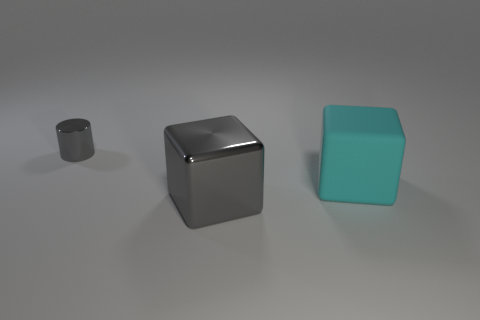Add 2 tiny metallic cylinders. How many objects exist? 5 Subtract all cubes. How many objects are left? 1 Add 2 metal blocks. How many metal blocks are left? 3 Add 3 cylinders. How many cylinders exist? 4 Subtract 0 blue balls. How many objects are left? 3 Subtract all blue matte cylinders. Subtract all gray cylinders. How many objects are left? 2 
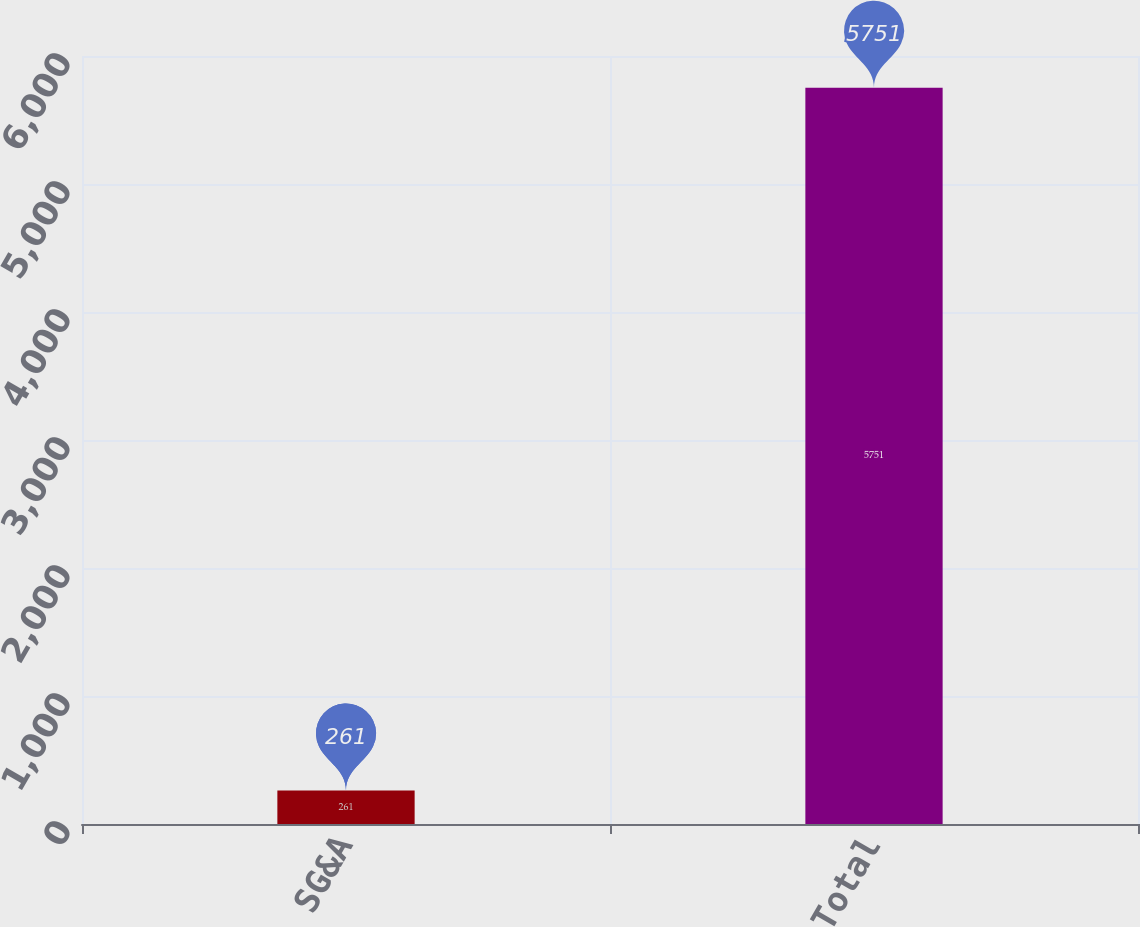Convert chart. <chart><loc_0><loc_0><loc_500><loc_500><bar_chart><fcel>SG&A<fcel>Total<nl><fcel>261<fcel>5751<nl></chart> 
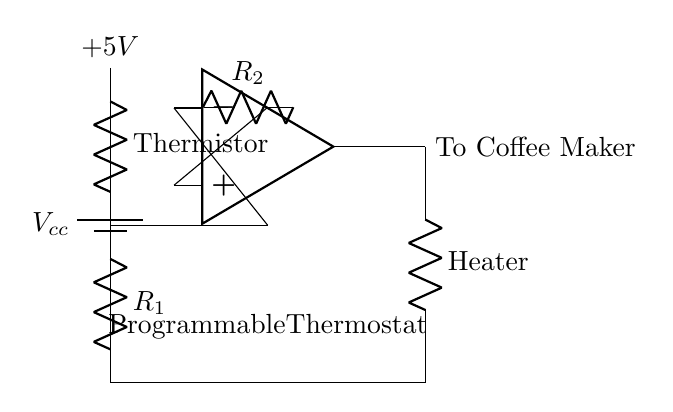What component is used to sense temperature? The circuit contains a thermistor, which is a type of resistor that changes its resistance according to temperature. This allows it to provide a temperature-dependent signal to the circuit.
Answer: Thermistor What is the role of the comparator in this circuit? The comparator compares the voltage from the thermistor with a reference voltage supplied via resistor R2. When the voltage from the thermistor exceeds this reference, the comparator's output changes, affecting the heating element.
Answer: Control heat What is the output of the comparator connected to? The output of the comparator is connected to the heater, enabling it to turn on or off based on the temperature sensed by the thermistor.
Answer: Heater What is the supply voltage in this circuit? The circuit has a supply voltage marked as Vcc, which in this case is indicated to be 5V. This voltage powers the circuit components.
Answer: 5V What happens to the thermostat output when the temperature rises? As the temperature rises, the resistance of the thermistor decreases, causing the voltage across it to drop. If this voltage falls below the reference voltage at the comparator, the output signal changes, potentially turning off the heating element.
Answer: Turns off How is feedback implemented in this circuit design? Feedback is implemented through the connection from the thermistor and resistor R1 into the inverting input of the comparator, allowing it to continuously monitor the temperature and provide necessary adjustments to the output.
Answer: Via thermistor 
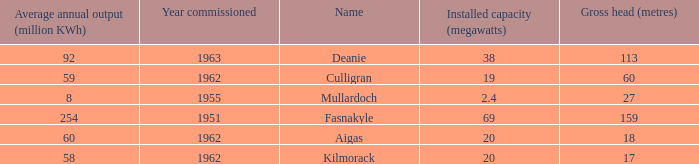What is the earliest Year commissioned wiht an Average annual output greater than 58 and Installed capacity of 20? 1962.0. 
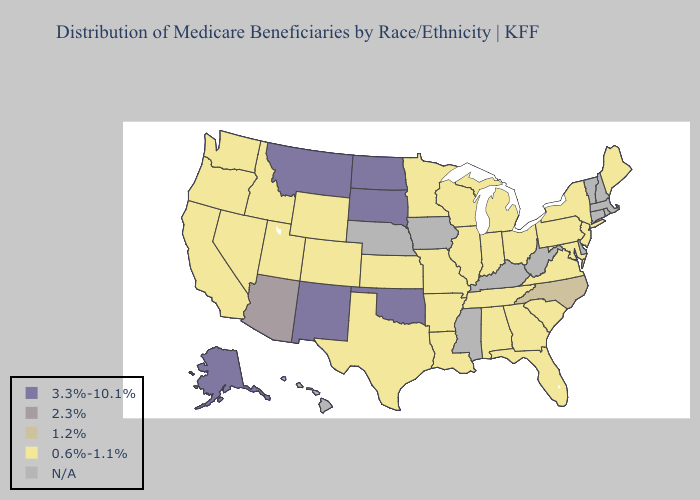Name the states that have a value in the range 3.3%-10.1%?
Concise answer only. Alaska, Montana, New Mexico, North Dakota, Oklahoma, South Dakota. Does Washington have the highest value in the USA?
Short answer required. No. Does the first symbol in the legend represent the smallest category?
Quick response, please. No. Among the states that border Idaho , does Montana have the lowest value?
Quick response, please. No. What is the value of Hawaii?
Write a very short answer. N/A. What is the value of Arizona?
Short answer required. 2.3%. What is the value of Arkansas?
Be succinct. 0.6%-1.1%. Does Illinois have the highest value in the USA?
Quick response, please. No. Does the map have missing data?
Answer briefly. Yes. Name the states that have a value in the range 3.3%-10.1%?
Keep it brief. Alaska, Montana, New Mexico, North Dakota, Oklahoma, South Dakota. Which states have the highest value in the USA?
Be succinct. Alaska, Montana, New Mexico, North Dakota, Oklahoma, South Dakota. Name the states that have a value in the range 0.6%-1.1%?
Answer briefly. Alabama, Arkansas, California, Colorado, Florida, Georgia, Idaho, Illinois, Indiana, Kansas, Louisiana, Maine, Maryland, Michigan, Minnesota, Missouri, Nevada, New Jersey, New York, Ohio, Oregon, Pennsylvania, South Carolina, Tennessee, Texas, Utah, Virginia, Washington, Wisconsin, Wyoming. Which states have the lowest value in the USA?
Give a very brief answer. Alabama, Arkansas, California, Colorado, Florida, Georgia, Idaho, Illinois, Indiana, Kansas, Louisiana, Maine, Maryland, Michigan, Minnesota, Missouri, Nevada, New Jersey, New York, Ohio, Oregon, Pennsylvania, South Carolina, Tennessee, Texas, Utah, Virginia, Washington, Wisconsin, Wyoming. What is the lowest value in the MidWest?
Concise answer only. 0.6%-1.1%. 
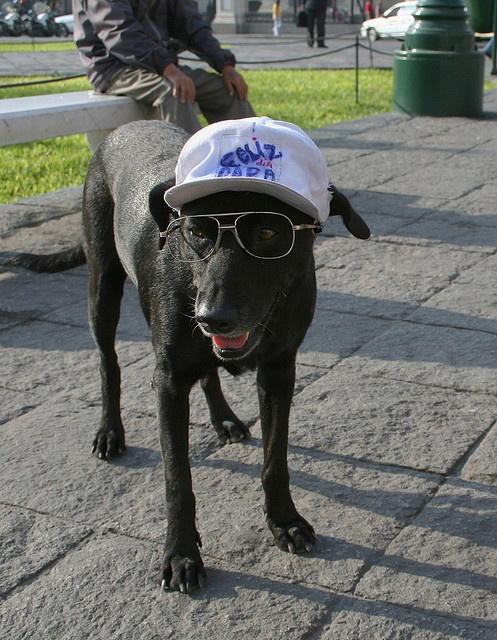Describe the objects in this image and their specific colors. I can see dog in gray, black, and darkgray tones, people in gray, black, darkgray, and maroon tones, bench in gray and lightgray tones, car in gray, white, darkgray, and lightblue tones, and motorcycle in gray, black, and purple tones in this image. 
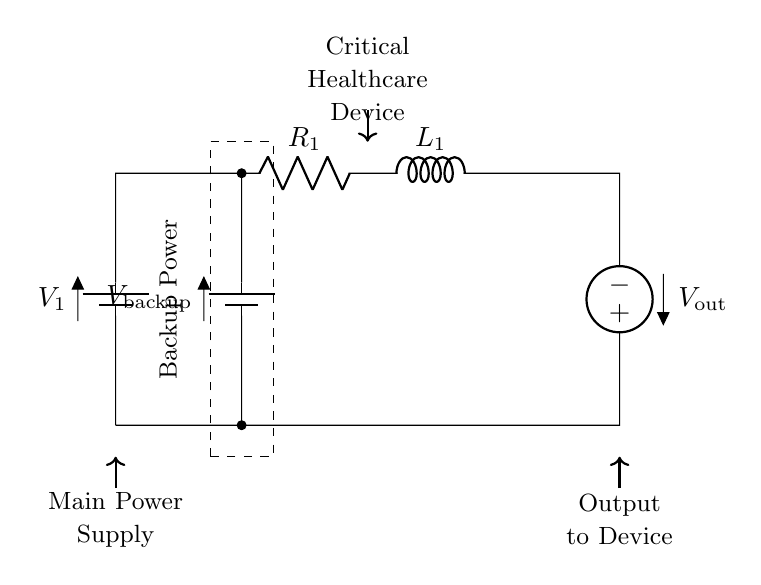What is the main power supply voltage? The main power supply voltage is represented by the symbol V1 in the diagram, but the actual voltage value is not specified here. Typically, it could be 5V or 12V depending on the application.
Answer: V1 What is the purpose of the backup battery? The backup battery, labeled V_backup, serves to provide power when the main power supply is not available, ensuring that critical healthcare devices remain operational during outages.
Answer: Power continuity How many components are in the series circuit? The circuit includes four primary components: one battery (V1), one resistor (R1), one inductor (L1), and one backup battery (V_backup). This adds up to a total of four main components.
Answer: Four What connects the backup battery to the circuit? The backup battery is connected to the circuit through a series of short connections, specifically directly to the upper path of the circuit that connects the battery to the healthcare device.
Answer: Short connections What type of circuit is shown? The circuit is specifically a series circuit where all components are connected in a single loop, providing one path for current flow from the main power supply through the backup to the load.
Answer: Series circuit Which direction does the output voltage flow? The output voltage flows downward from the output component (V_out) at the right side of the circuit towards the bottom, indicating the intended direction of current flow to the connected healthcare device.
Answer: Downward 
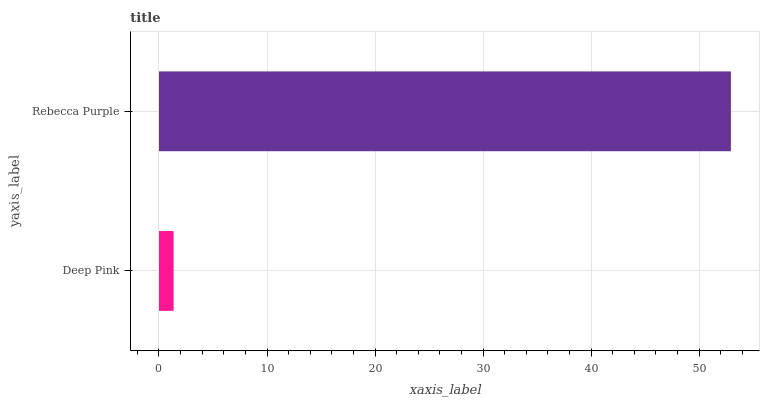Is Deep Pink the minimum?
Answer yes or no. Yes. Is Rebecca Purple the maximum?
Answer yes or no. Yes. Is Rebecca Purple the minimum?
Answer yes or no. No. Is Rebecca Purple greater than Deep Pink?
Answer yes or no. Yes. Is Deep Pink less than Rebecca Purple?
Answer yes or no. Yes. Is Deep Pink greater than Rebecca Purple?
Answer yes or no. No. Is Rebecca Purple less than Deep Pink?
Answer yes or no. No. Is Rebecca Purple the high median?
Answer yes or no. Yes. Is Deep Pink the low median?
Answer yes or no. Yes. Is Deep Pink the high median?
Answer yes or no. No. Is Rebecca Purple the low median?
Answer yes or no. No. 
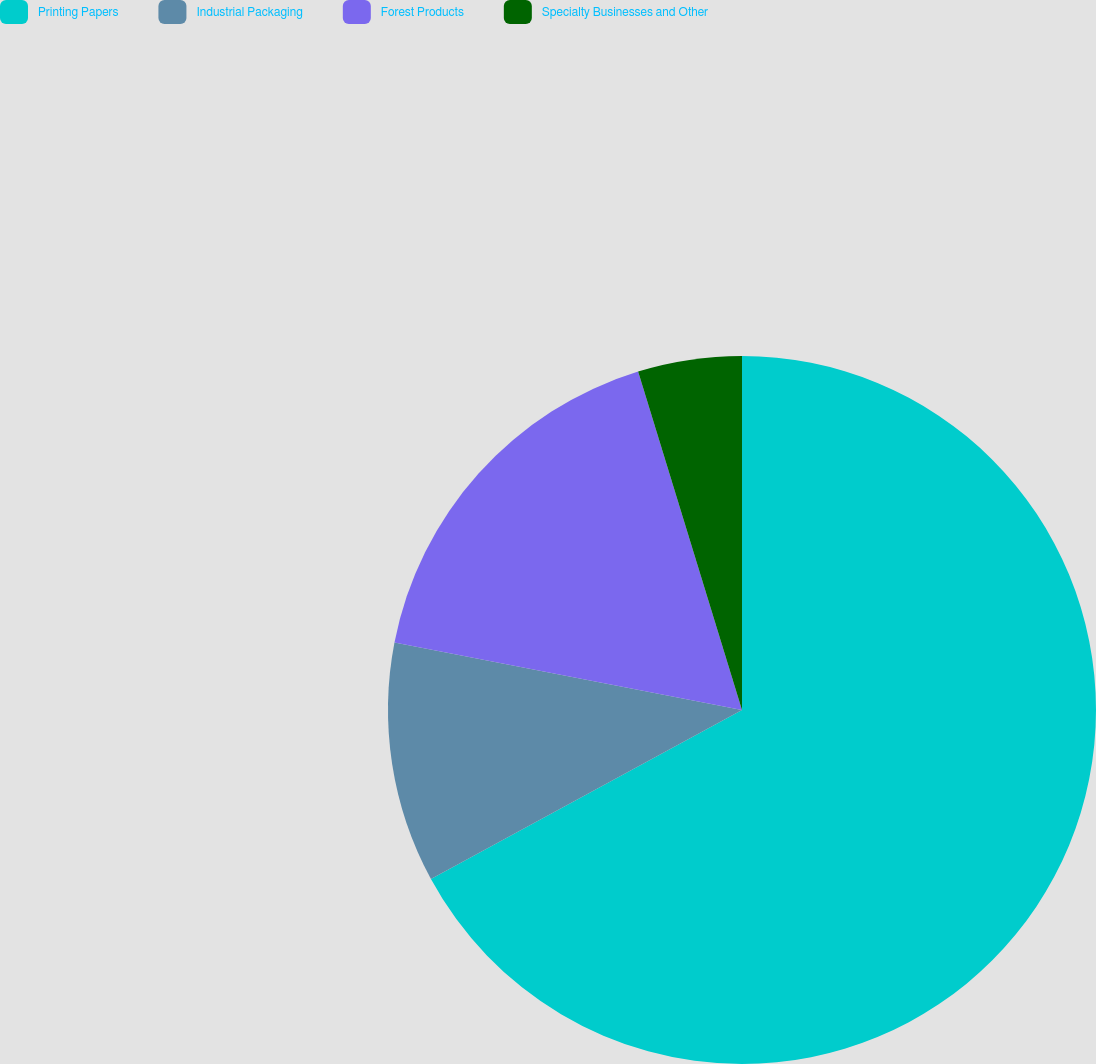<chart> <loc_0><loc_0><loc_500><loc_500><pie_chart><fcel>Printing Papers<fcel>Industrial Packaging<fcel>Forest Products<fcel>Specialty Businesses and Other<nl><fcel>67.08%<fcel>10.97%<fcel>17.21%<fcel>4.74%<nl></chart>

- - - - -

* [Your goal]
Looking at the entries above, copy out every line in which "battery" occurs.

* [Exercise solution]
Answer: V1 What is the purpose of the backup battery? The backup battery, labeled V_backup, serves to provide power when the main power supply is not available, ensuring that critical healthcare devices remain operational during outages.
Answer: Power continuity How many components are in the series circuit? The circuit includes four primary components: one battery (V1), one resistor (R1), one inductor (L1), and one backup battery (V_backup). This adds up to a total of four main components.
Answer: Four What connects the backup battery to the circuit? The backup battery is connected to the circuit through a series of short connections, specifically directly to the upper path of the circuit that connects the battery to the healthcare device.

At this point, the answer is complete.